- [Task statement] Copy exactly the line containing "2. person [249,611,274,708]" and all the lines that follow it to the end of the records, minus the pictures.
+++++
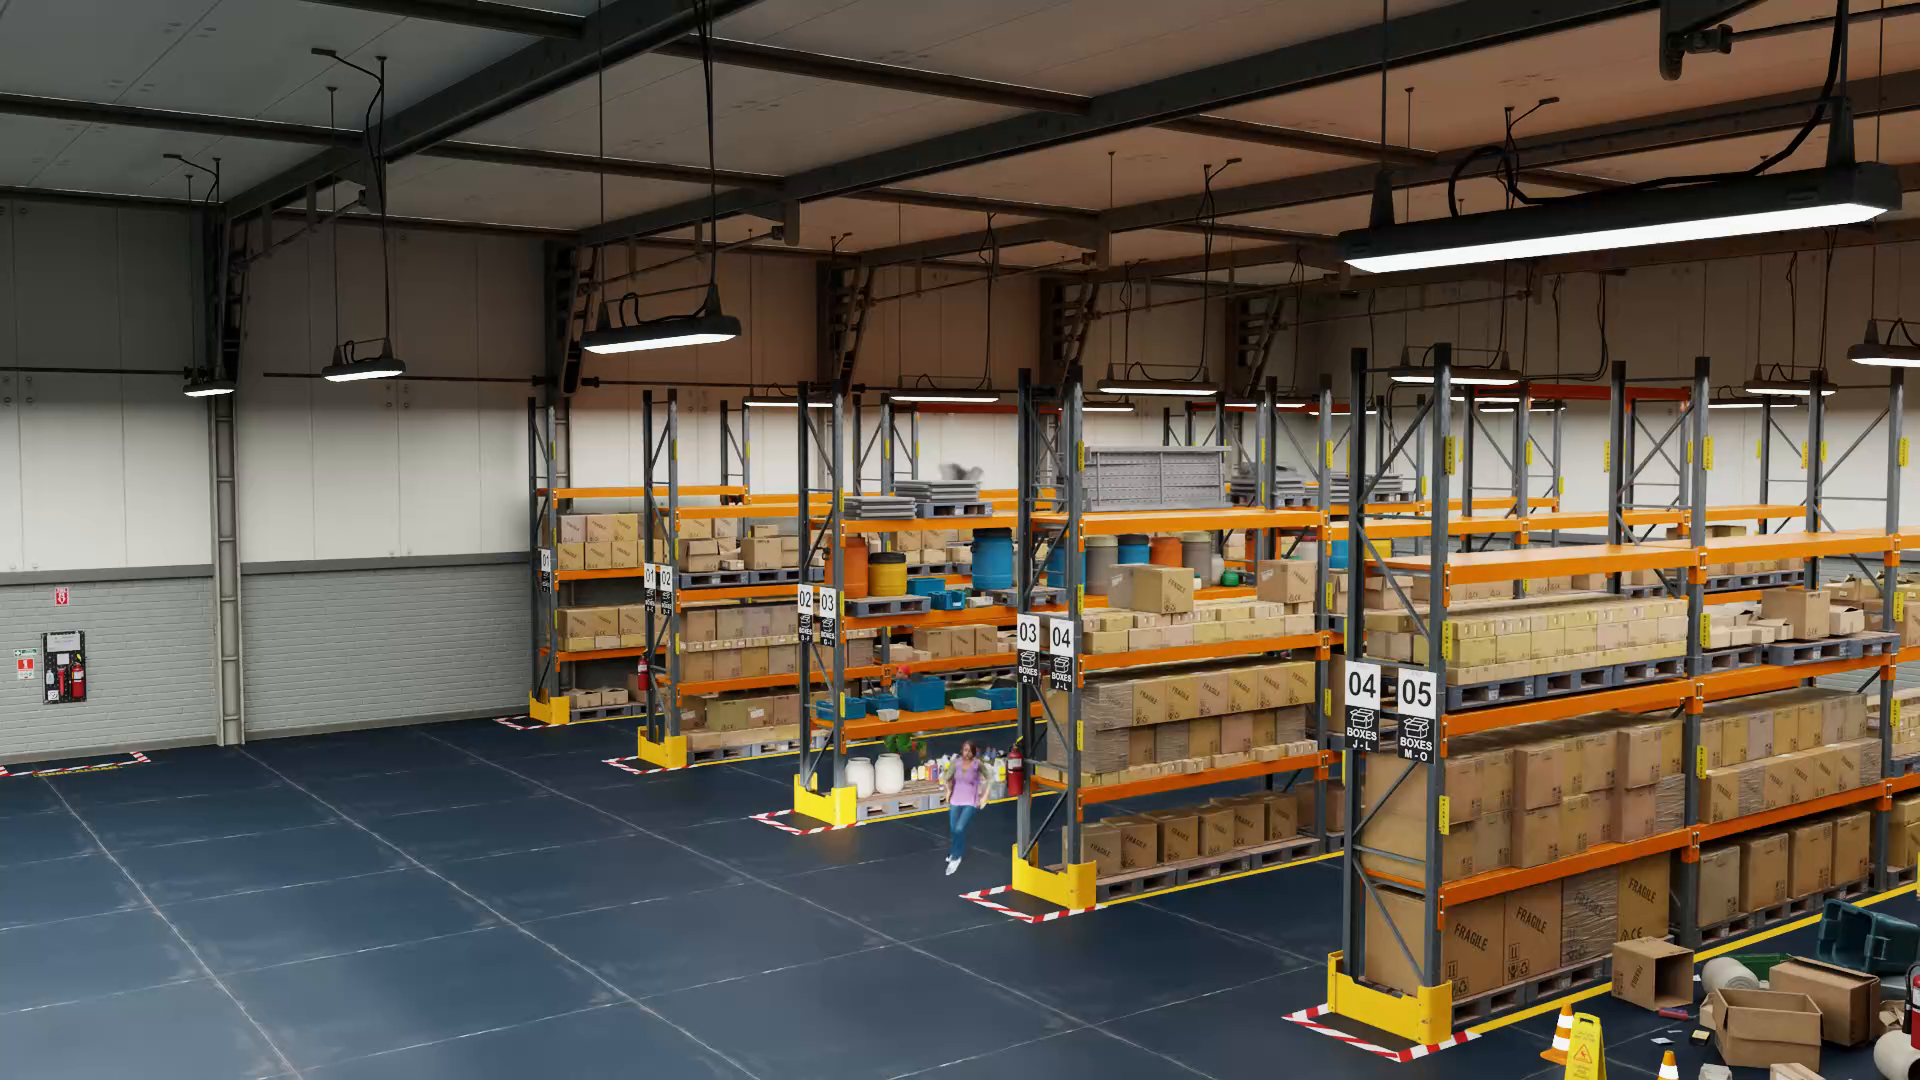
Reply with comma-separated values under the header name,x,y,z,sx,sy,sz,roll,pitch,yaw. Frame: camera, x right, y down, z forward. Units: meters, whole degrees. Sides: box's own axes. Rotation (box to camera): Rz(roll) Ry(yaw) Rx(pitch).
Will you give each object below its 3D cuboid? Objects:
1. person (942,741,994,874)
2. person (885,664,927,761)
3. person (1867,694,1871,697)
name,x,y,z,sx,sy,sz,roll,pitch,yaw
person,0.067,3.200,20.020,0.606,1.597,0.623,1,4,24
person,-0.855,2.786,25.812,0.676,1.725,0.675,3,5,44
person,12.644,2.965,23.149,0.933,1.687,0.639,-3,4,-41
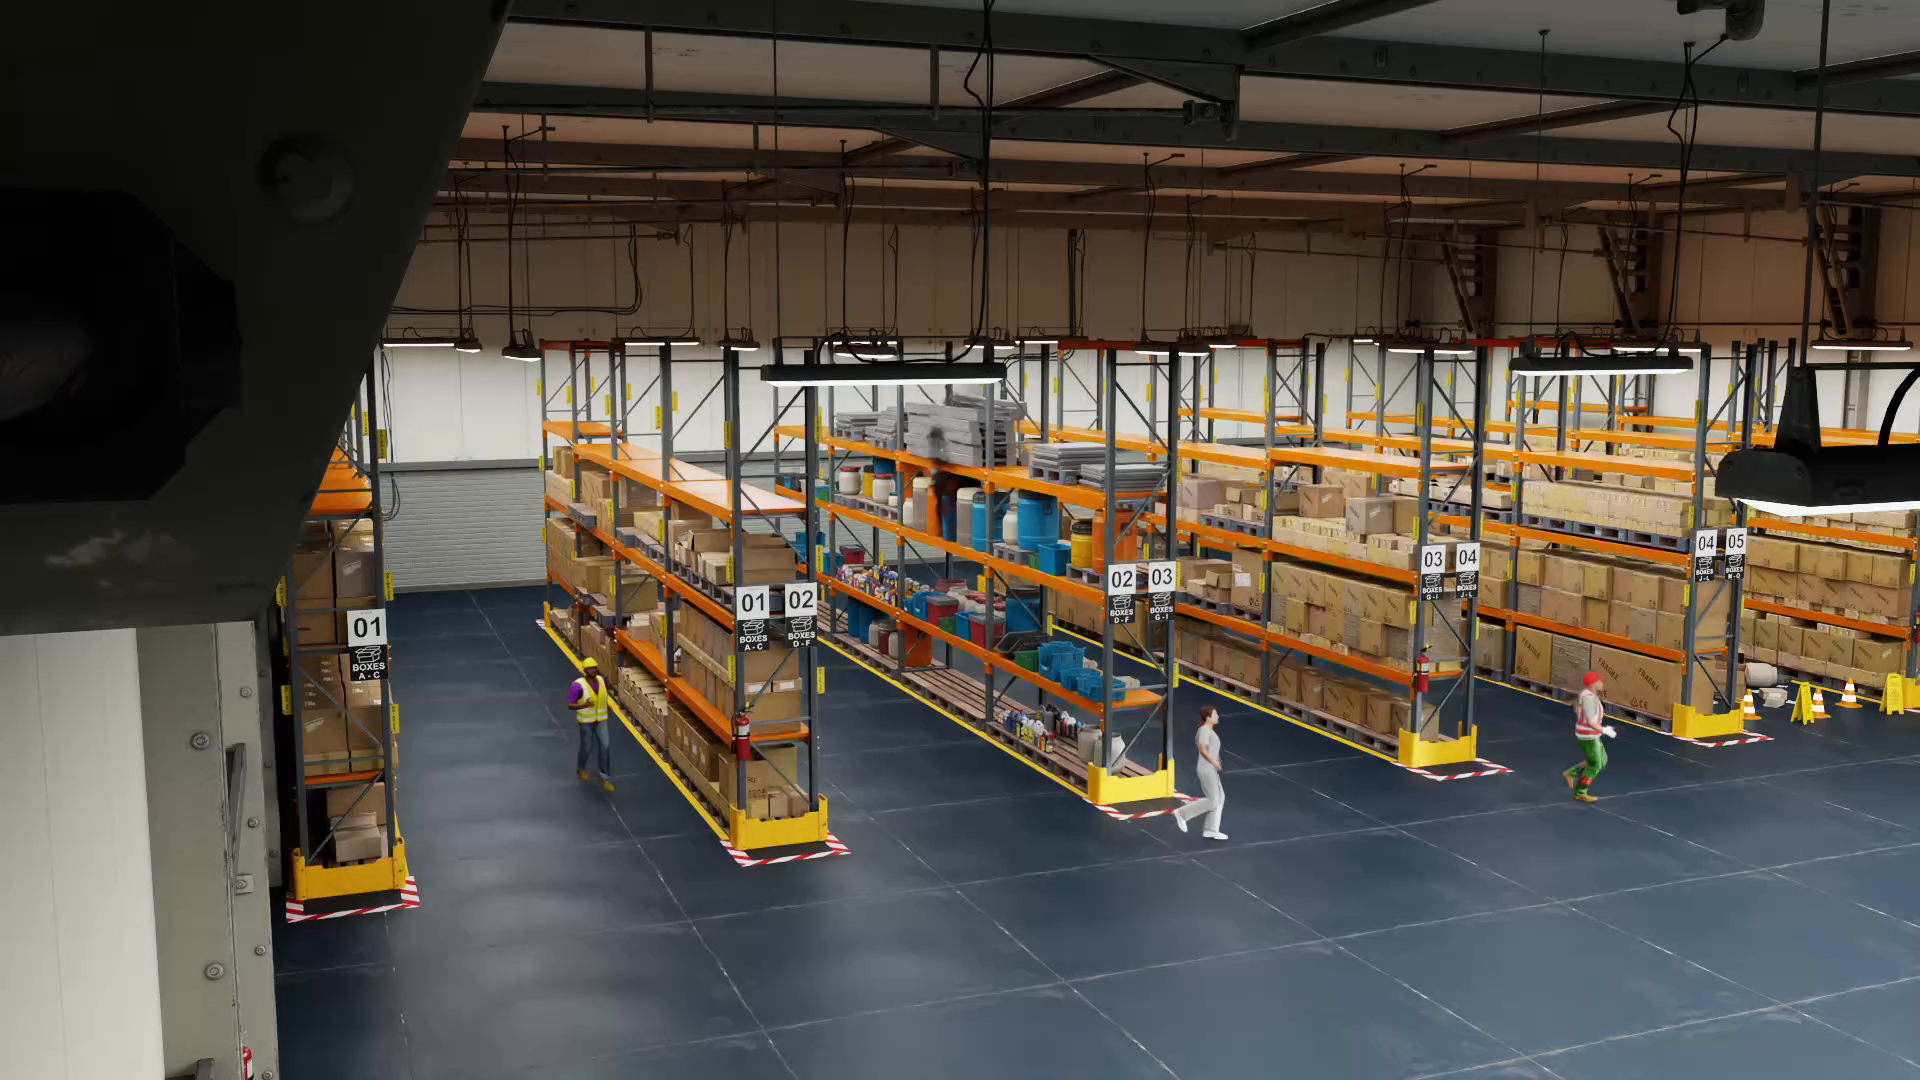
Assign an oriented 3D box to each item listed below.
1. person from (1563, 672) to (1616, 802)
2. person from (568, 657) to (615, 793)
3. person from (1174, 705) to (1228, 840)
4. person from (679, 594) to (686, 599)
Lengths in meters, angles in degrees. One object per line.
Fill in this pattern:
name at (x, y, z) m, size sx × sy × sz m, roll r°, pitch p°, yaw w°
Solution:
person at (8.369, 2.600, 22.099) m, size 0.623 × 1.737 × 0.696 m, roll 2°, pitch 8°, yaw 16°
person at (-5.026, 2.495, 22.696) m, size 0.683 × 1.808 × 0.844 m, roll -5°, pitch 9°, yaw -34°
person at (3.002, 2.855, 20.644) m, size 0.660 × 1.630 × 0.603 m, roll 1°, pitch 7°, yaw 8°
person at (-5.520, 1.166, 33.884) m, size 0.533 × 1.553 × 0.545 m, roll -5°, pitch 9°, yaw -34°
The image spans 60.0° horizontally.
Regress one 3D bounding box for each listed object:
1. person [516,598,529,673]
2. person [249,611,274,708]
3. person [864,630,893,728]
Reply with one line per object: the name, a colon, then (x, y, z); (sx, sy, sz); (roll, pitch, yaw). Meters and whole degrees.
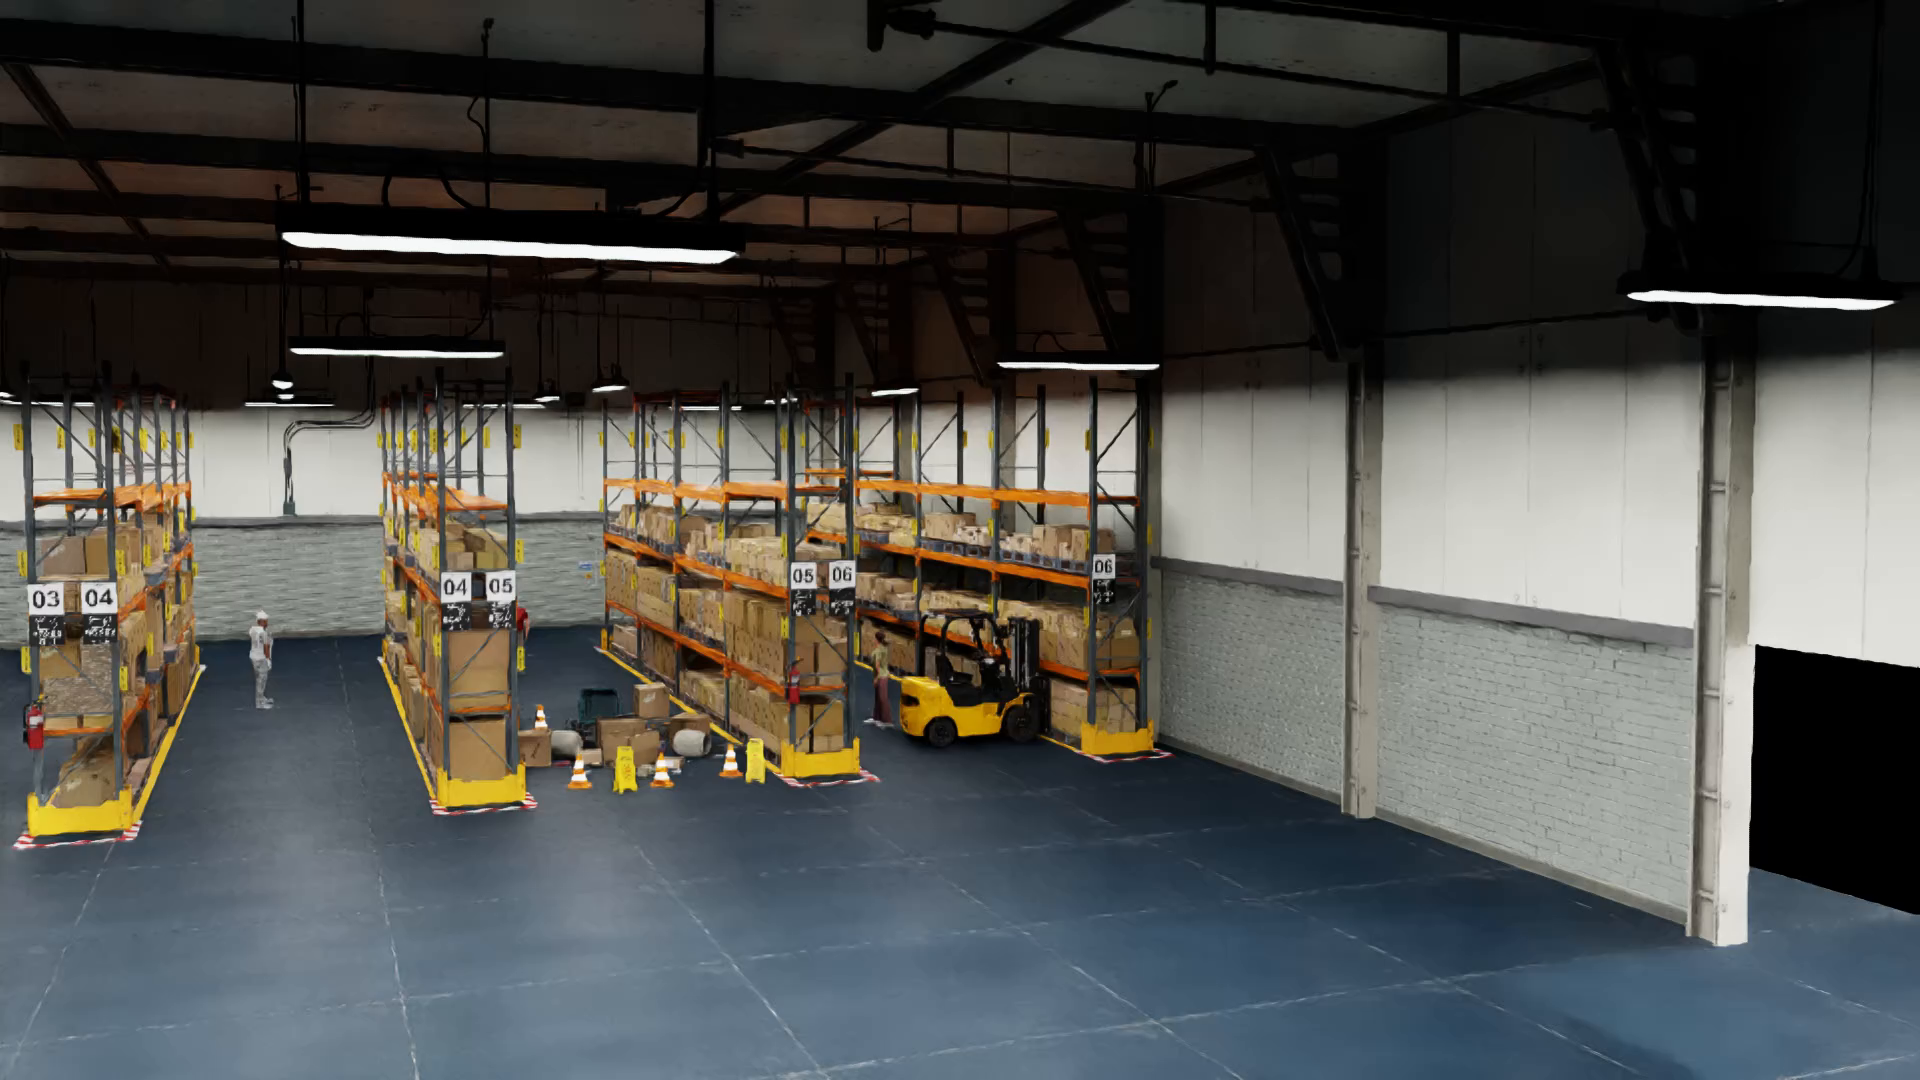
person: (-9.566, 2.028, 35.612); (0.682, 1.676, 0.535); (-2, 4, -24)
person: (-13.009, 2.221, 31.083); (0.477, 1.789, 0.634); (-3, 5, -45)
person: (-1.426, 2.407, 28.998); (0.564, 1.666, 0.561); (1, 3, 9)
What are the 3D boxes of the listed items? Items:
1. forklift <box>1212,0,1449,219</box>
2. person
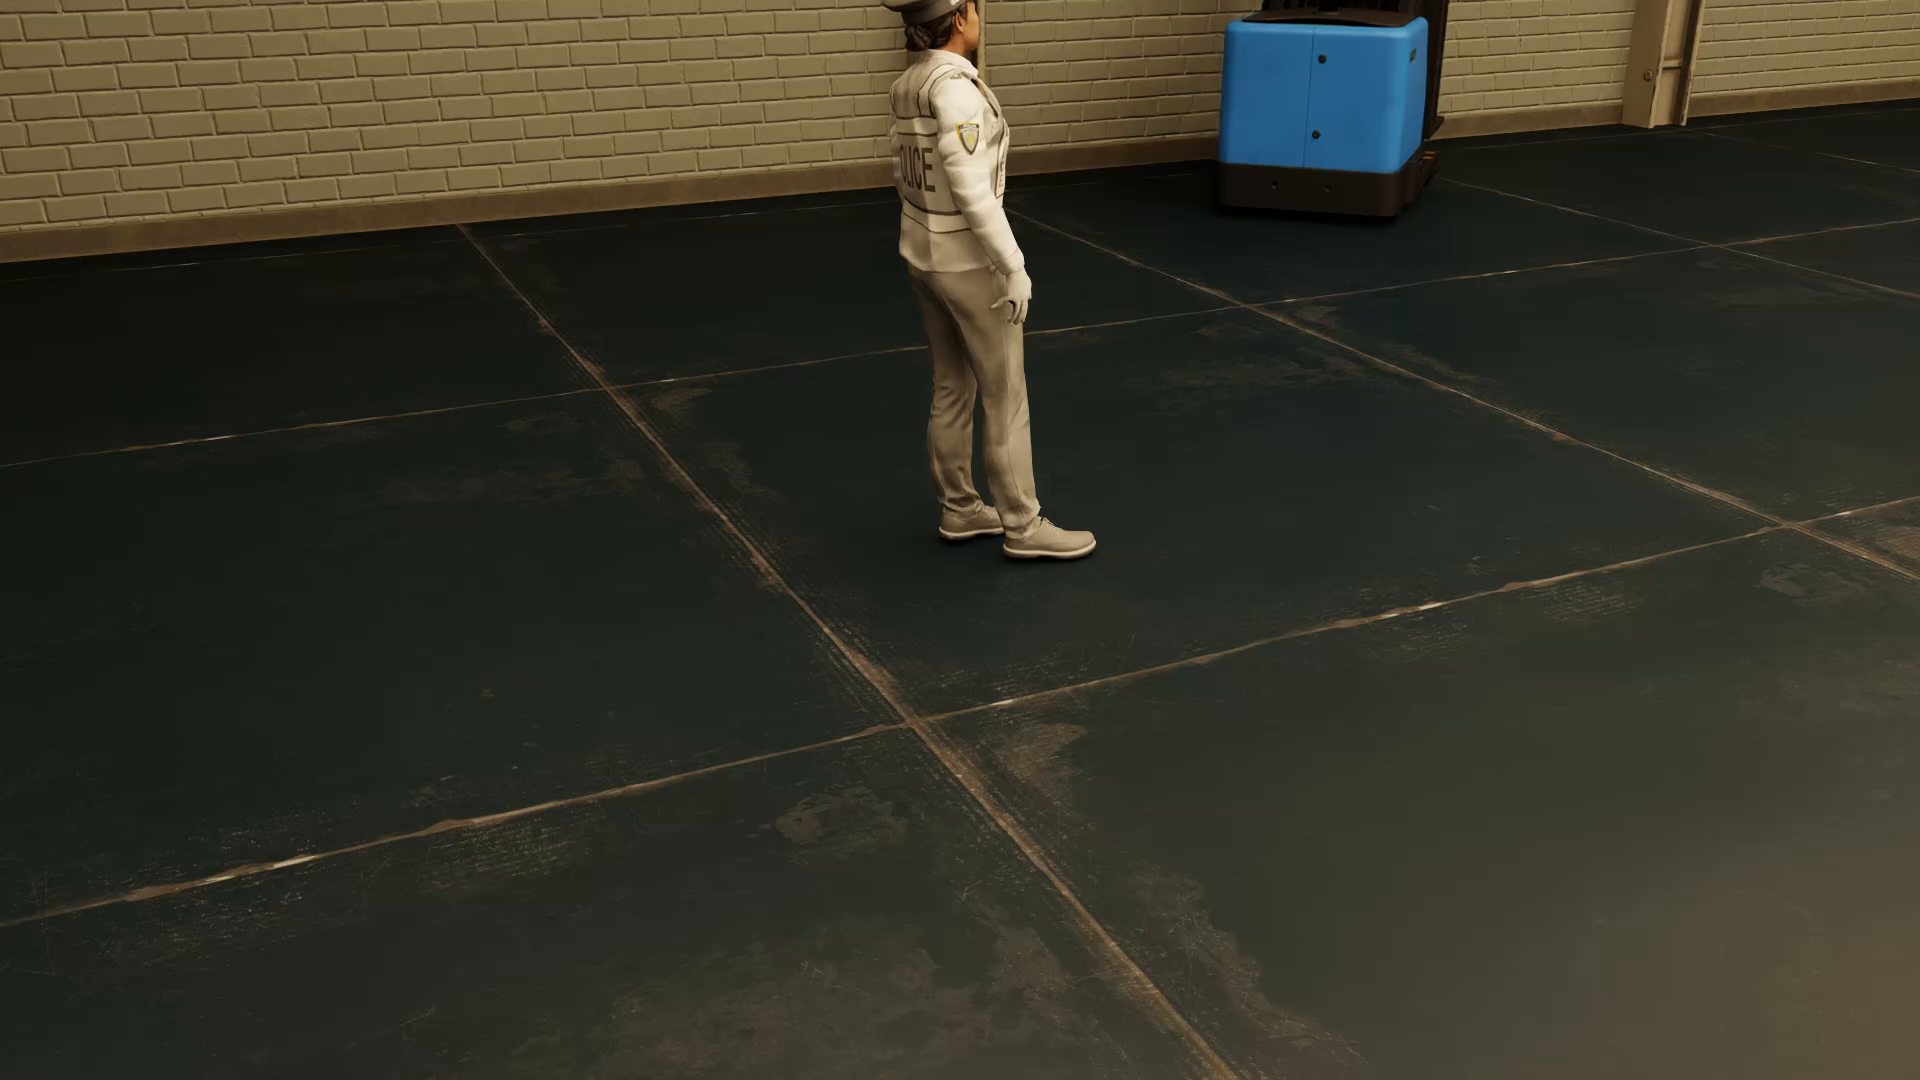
+++++
- [Output below]
2. person [249,611,274,708]
3. person [864,630,893,728]
Reply with one line per object: the name, a colon, then (x, y, z); (sx, sy, sz); (roll, pitch, yaw). Meters and whole degrees.
person: (-9.566, 2.028, 35.612); (0.682, 1.676, 0.535); (-2, 4, -24)
person: (-13.009, 2.221, 31.083); (0.477, 1.789, 0.634); (-3, 5, -45)
person: (-1.426, 2.407, 28.998); (0.564, 1.666, 0.561); (1, 3, 9)
What are the 3D boxes of the listed items? Items:
1. forklift <box>1212,0,1449,219</box>
2. person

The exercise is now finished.